In the PAC-Bayes bound: if prior P is very wide (large variance), then KL(Q||P)...

PAC-Bayes for neural networks

Dziugaite and Roy (2017) applied PAC-Bayes to neural networks with Gaussian weights. They directly minimized the PAC-Bayes bound via SGD, simultaneously training and certifying generalization. On MNIST they obtained a guaranteed error bound of 16% at actual 2%.
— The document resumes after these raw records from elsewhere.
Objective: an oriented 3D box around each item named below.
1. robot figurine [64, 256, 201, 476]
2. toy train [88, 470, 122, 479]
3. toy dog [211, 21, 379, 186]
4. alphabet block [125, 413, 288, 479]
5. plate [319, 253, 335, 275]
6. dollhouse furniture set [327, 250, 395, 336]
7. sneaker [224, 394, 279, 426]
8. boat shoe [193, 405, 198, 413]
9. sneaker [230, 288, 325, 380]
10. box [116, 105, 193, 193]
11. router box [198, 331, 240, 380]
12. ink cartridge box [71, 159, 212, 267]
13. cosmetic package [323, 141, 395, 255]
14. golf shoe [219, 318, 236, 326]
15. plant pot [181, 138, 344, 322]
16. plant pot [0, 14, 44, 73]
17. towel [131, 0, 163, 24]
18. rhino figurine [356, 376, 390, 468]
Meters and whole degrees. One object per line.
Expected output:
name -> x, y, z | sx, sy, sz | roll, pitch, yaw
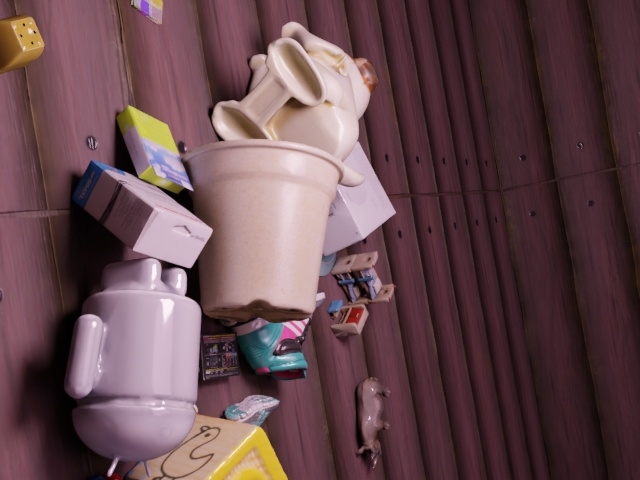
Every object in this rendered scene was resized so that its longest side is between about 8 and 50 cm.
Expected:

The PAC-Bayes bound is non-trivial (< 1) only when...

Key results

PAC-Bayes: true risk <= emp. risk + sqrt((KL(Q||P) + log(n/delta)) / 2n).
KL(Q||P) is the complexity cost of posterior relative to prior.
For Gaussian weights KL is analytically computable.
Direct PAC-Bayes bound optimization = simultaneous training and certification.